The $1.81 billion pre-tax PV-10 value of the company's 95.9
MMBOE of reserves is based on SEC benchmark pricing of $96.19 per
barrel of oil and $4.12 per MMBTU for gas. Using the December 31,
2011 NYMEX 5-year strip pricing, the company's estimate of reserves
is 96.8 MMBOE and the pre-tax PV-10 value is $1.76 billion. See the
end of this release for a reconciliation of PV-10 to a standardized
measure.
The following table details the company's reserve categories for
the last three years and PV-10 for 2010 and 2011:
Net Proved Reserves (end of period) 2009PF(1) 2010 2011
---------- ----------- -----------
Oil (MBbls)
Developed 25,750 22,270 25,131
Undeveloped 21,758 20,301 22,282
---------- ----------- -----------
Total 47,508 42,571 47,413
Natural Gas (MMcf)
Developed 120,052 122,928 141,806
Undeveloped 142,314 132,235 149,018
---------- ----------- -----------
Total 262,366 255,163 290,824
---------- ----------- -----------
Total Proved Reserves (MBOE)(2) 91,236 85,098 95,884
========== =========== ===========
PV-10 ($000)
Developed $ 575,152 $ 990,303
Undeveloped 553,544 816,198
----------- -----------
Total $ 1,128,696 $ 1,806,501
=========== ===========
(1) Pro forma for the sale of the company's Texas assets in the first half
of 2010.
(2) Barrel of oil equivalent (BOE) is calculated using the ratio of six Mcf
of natural gas to one barrel of crude oil, condensate or natural gas
liquids.
2012 Guidance
The following summarizes the company's 2012 guidance:
- Production: 17,750 - 18,250 BOE/d
- Capital Budget: $255 million
- Lease Operating Expenses: $15.00 - $15.50 per BOE
- General & Administrative Expenses: $5.25 - $5.50 per
BOE
- Production & Property Taxes: $1.00 - $1.10 per BOE
- DD&A: $15.00 - $15.50 per BOE
Special Committee Process
On August 26, 2011, the company's board of directors received a
proposal from Mr. Marquez, Venoco's Chairman and CEO, to acquire
all of the outstanding shares of common stock of Venoco of which he
is not the beneficial owner for $12.50 per share in cash. Mr.

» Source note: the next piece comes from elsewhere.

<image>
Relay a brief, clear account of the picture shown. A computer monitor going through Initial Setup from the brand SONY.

Marquez is the beneficial owner of approximately 50.3% of Venoco's
common stock. On January 16, 2012, the company announced that it
entered into a definitive merger agreement under which Mr. Marquez
will, through a wholly owned affiliate, acquire all of the
outstanding shares of Venoco he does not already own.

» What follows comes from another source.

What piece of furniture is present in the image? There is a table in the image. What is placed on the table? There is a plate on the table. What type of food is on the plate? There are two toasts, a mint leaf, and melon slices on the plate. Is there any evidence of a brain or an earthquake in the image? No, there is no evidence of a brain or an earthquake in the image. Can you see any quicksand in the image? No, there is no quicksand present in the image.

Completion of the transaction is subject to certain closing
conditions, including procurement of financing. The merger
agreement also contains a non-waivable condition that a majority of
the outstanding shares of Venoco not owned by Mr. Marquez and his
affiliates, or by any director, officer or employee of Venoco or
its subsidiaries, vote in favor of the adoption of the merger
agreement. Shareholders are cautioned that there can be no
assurance that the company will complete the merger.
Earnings Conference Call
Venoco will host a conference call to discuss results today,
Thursday, February 16, 2012 at 11:00 a.m. Eastern time (9 a.m.
Mountain). The conference call will be webcast and those wanting to
listen may do so by using a link on the Investor Relations page of
the company's website at http://www.venocoinc.com. Those wanting to
participate in the Q & A portion can call (800) 706-7748 and
use conference code 51448500. International participants can call
(617) 614-3473 and use the same conference code.
A replay of the conference call will be available for one week
by calling (888) 286-8010 or, for international callers, (617)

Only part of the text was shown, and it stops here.